She noticed Clementine was studying her intently. "So you must go home for your hope and honor," Clementine said. "But why do you stay now?"
"Because there is also the debt of honor I owe to the merchant Woo, who paid the bride-price for me in good faith, thinking he had acquired a wife to give him sons for his old age. Hope—that I could not live without. But neither could I live with the disgrace of not having paid all of my debts."
"Hope and honor." Clementine smoothed a hand over the gentle swell of her expectant happiness. "Hope and honor. Yes, i see... I think. At least I understand why the thought gives you peace."
"And have you not been home since you wed?" Erlan asked, for she knew from that day of whiskey drinking a part of the story of how Clementine had run away with her rancher lover, to follow him out here to this raw place.
Clementine shook her head. "No, not once. i used to send letters, but they were never answered. I thought that after Charlie... that when Father learned he had a grandson, he would relent. But I know in my heart he never will."
"And my father, too, might never relent. The gods don't always let us have what we want."

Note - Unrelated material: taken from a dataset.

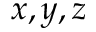Convert formula to latex. <formula><loc_0><loc_0><loc_500><loc_500>x , y , z</formula> 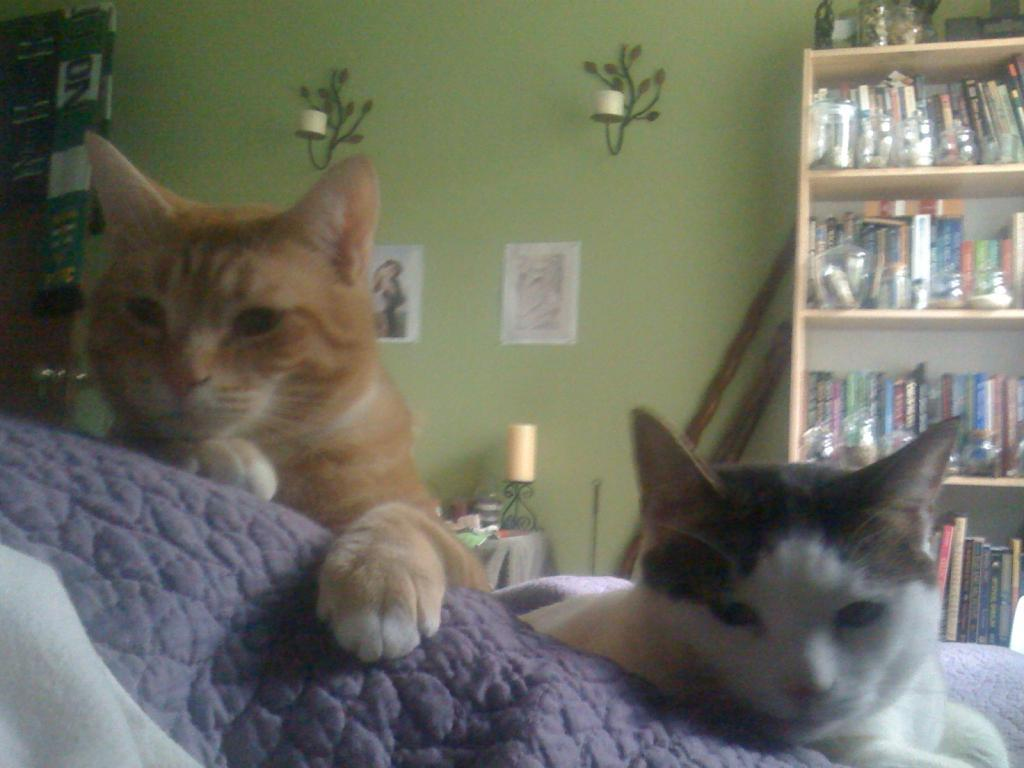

Clementine's gaze sought out her son. Her husband had joined the boy and the girls with the kite. He was a bright, laughing man with eyes the color of blue porcelain, and Erlan liked him. With him was the brother, a man Erlan did not at all like, for he was too hard and raw and wild, too much a part of the lonely mountains and the endless, empty miles of grass and the even emptier sky. And he had terrible yellow eyes, hard and predatory and fierce, like an eagle's.
"No, we don't always get what we want," Clementine was saying, her eyes on her husband and son, her voice low and rough. "But sometimes what we want isn't right or fair. Or even possible."
Erlan watched as her gaze shifted to her brother-in-law and he looked back at her, and for an instant they loved with their eyes. It was like lightning streaking across a stormy sky, a wild yearning for something the gods would never allow them to have.
Erlan's chest lifted in a sad silent sigh. Oh, Clementine... And Hannah, and her anjing juren—they were all alike. They seemed like children sometimes, unable to accept that all their rages and protests against the gods were as meaningless as raindrops falling into the ocean. That a soul could not resist its fate any more than grass could stand up before the wind.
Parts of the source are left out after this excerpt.